Bonsai performs well in several benchmarks. Here are the official figures:

mould	ARC-c	ARC-e	HS.	OBQA	PiQA	Wino.	MMLU	average score
MobiLlama 0.5B	26.62	46.68	51.66	30.00	71.65	54.50	28.61	44.25
Qwen 2 0.5B	28.84	50.29	49.12	33.00	69.26	56.99	31.78	45.61
MobileLLM 600M	29.01	56.65	55.35	34.00	71.65	59.75	31.40	48.13
Qwen 2.5 0.5B	32.25	58.29	52.18	35.40	69.91	56.12	33.40	48.22
Bonsai	33.36	57.95	48.04	34.00	70.24	54.85	30.28	46.96
These tests, which include ARC, OBQA, MMLU, and others, show that Bonsai ranks among the top lightweight models.

fine-tuned model

Bonsai is not fine-tuned for general-purpose generation tasks.

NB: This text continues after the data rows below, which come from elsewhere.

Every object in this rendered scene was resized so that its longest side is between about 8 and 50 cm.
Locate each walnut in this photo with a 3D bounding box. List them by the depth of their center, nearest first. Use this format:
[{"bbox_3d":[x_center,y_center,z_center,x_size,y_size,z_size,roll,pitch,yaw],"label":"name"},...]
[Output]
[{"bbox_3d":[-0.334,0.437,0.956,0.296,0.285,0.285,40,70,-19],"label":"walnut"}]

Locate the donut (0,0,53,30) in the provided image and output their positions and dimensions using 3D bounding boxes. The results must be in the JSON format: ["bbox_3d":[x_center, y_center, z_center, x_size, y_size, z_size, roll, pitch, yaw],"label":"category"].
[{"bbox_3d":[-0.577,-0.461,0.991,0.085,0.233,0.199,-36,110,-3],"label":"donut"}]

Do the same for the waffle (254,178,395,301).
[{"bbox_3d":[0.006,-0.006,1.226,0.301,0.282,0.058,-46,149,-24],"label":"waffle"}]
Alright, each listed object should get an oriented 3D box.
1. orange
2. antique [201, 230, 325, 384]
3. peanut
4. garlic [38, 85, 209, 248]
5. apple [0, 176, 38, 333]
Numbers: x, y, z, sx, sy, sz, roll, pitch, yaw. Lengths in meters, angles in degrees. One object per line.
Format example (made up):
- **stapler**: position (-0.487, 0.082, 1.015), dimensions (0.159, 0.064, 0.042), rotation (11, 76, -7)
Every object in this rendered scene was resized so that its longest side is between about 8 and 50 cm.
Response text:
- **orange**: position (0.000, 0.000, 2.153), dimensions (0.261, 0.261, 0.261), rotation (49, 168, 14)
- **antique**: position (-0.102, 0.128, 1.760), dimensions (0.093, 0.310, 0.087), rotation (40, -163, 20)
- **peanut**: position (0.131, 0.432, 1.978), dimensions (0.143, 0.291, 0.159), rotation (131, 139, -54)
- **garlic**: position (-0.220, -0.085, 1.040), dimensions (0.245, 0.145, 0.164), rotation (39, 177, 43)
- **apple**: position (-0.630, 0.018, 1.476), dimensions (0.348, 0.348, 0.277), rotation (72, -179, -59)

If you need to optimize it for a specific use (e.g., quizzing), you can fine-tune it yourself:

Prepare the data: use a text file or datasets Library loading.
Configuration parameters: with TrainingArguments Setting.
Training models:

from transformers import Trainer, TrainingArguments
training_args = TrainingArguments(
output_dir="./bonsai_finetuned",
num_train_epochs=3,
per_device_train_batch_size=4
)
trainer = Trainer(model=model, args=training_args, train_dataset=your_dataset)
trainer.train()

For more details see Huggingface DocumentationThe

caveat

Precision Limits: Currently only 16-bit precision operation is supported, and the team is developing mixed precision support.
Uncommanded tuning: The default model is not suitable for direct use in complex command tasks and needs to be fine-tuned.
hardware requirement: Normal CPUs can run it, GPUs are not required but recommended.

application scenario

Educational aids
Bonsai can answer basic knowledge questions such as "What is the capital of France?". . The answers are generated quickly after typing and are suitable for learning.
Edge Device Applications
The model is lightweight and suitable for deployment to mobile or embedded devices for localized language processing.
Modeling Studies
Researchers can use it to test the potential of three-value weighting techniques and explore efficient AI model design.

QA

What are Bonsai's core strengths?
It uses three-valued weighting technique to achieve lightweight and high efficiency, with less training data but strong performance, suitable for resource-constrained scenarios.
Need a GPU?
The CPU is not required to run it, but the GPU will speed it up.
Can it be used directly for dialog?
The default model does not command tuning and it is recommended to fine-tune it before using it for a specific task.